Exercise objective:
The reply should contain the full listing exactly as written and no pictures at all.

Collected material:
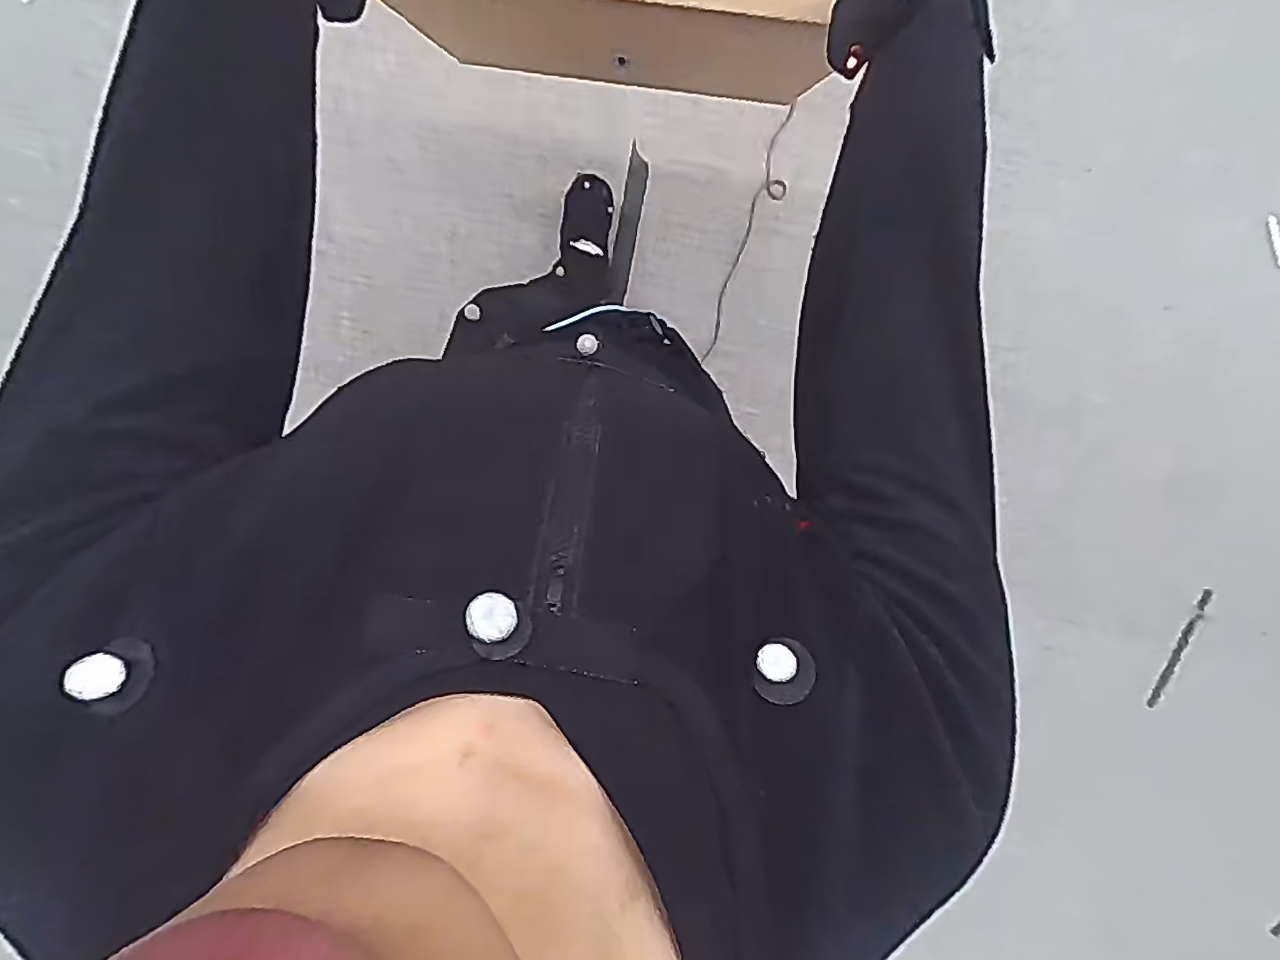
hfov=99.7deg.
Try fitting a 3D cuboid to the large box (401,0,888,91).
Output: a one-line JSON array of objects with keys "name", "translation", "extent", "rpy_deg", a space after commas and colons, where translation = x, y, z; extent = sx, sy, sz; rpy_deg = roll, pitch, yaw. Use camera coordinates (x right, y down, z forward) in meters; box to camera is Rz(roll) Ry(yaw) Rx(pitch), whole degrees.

The completed task:
hfov=99.7deg.
Try fitting a 3D cuboid to the large box (401,0,888,91).
Output: a one-line JSON array of objects with keys "name", "translation", "extent", "rpy_deg", a space after commas and colons, where translation = x, y, z; extent = sx, sy, sz; rpy_deg = roll, pitch, yaw. Use camera coordinates (x right, y down, z forward) in meters; box to camera is Rz(roll) Ry(yaw) Rx(pitch), whole degrees.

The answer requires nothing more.